Dataset records:
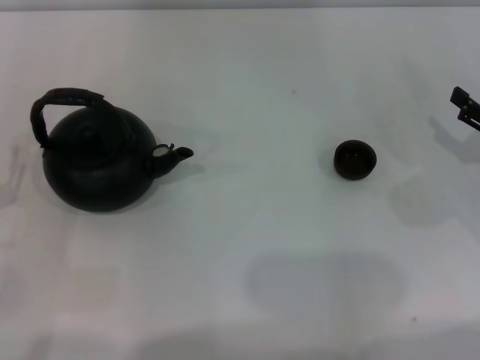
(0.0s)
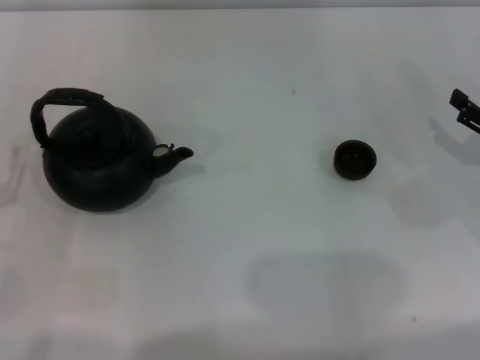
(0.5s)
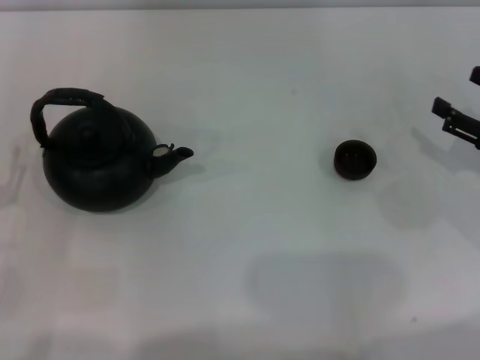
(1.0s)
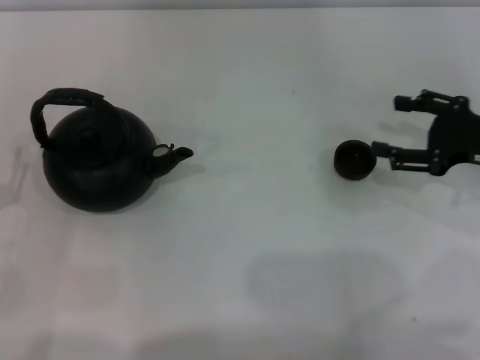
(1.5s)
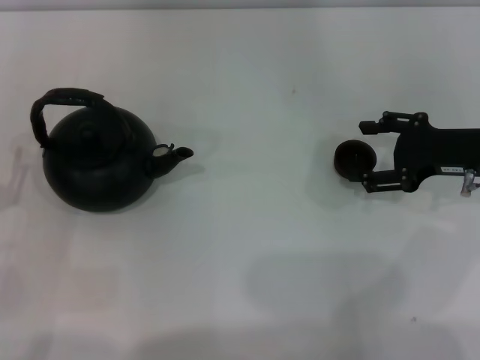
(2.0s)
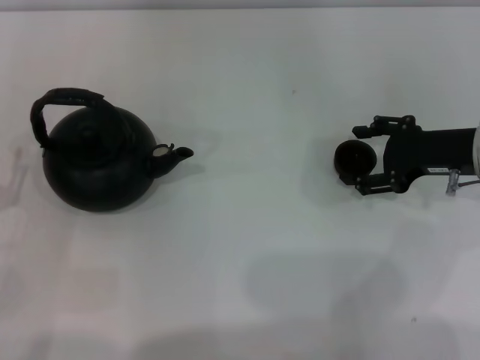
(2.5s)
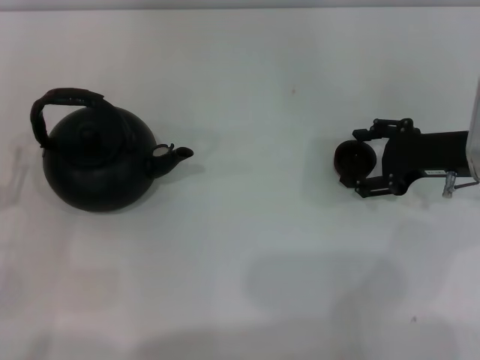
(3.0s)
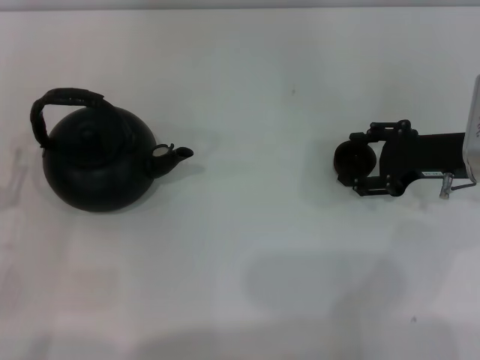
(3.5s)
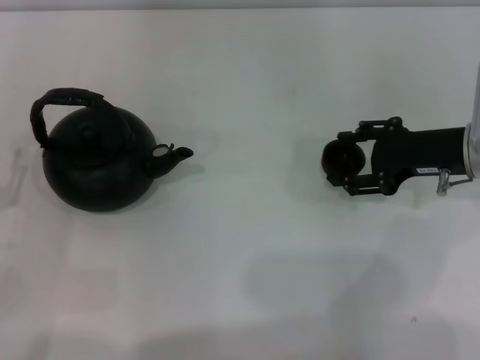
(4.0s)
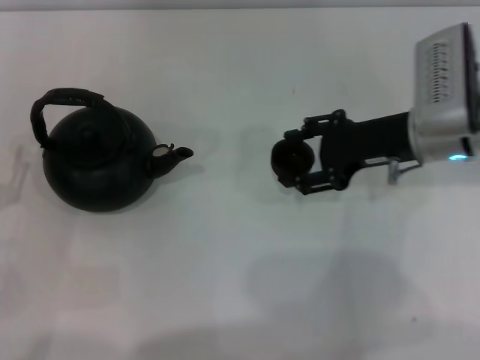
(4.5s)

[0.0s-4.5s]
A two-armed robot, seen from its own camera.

*Instructions to follow*: Each entry above must come back exactly as written. Drop the images.

*Answer area*:
(0.0s)
(0.5s)
(1.0s)
(1.5s)
(2.0s)
(2.5s)
(3.0s)
(3.5s)
(4.0s)
(4.5s)

[0.0s-4.5s]
A two-armed robot, seen from its own camera.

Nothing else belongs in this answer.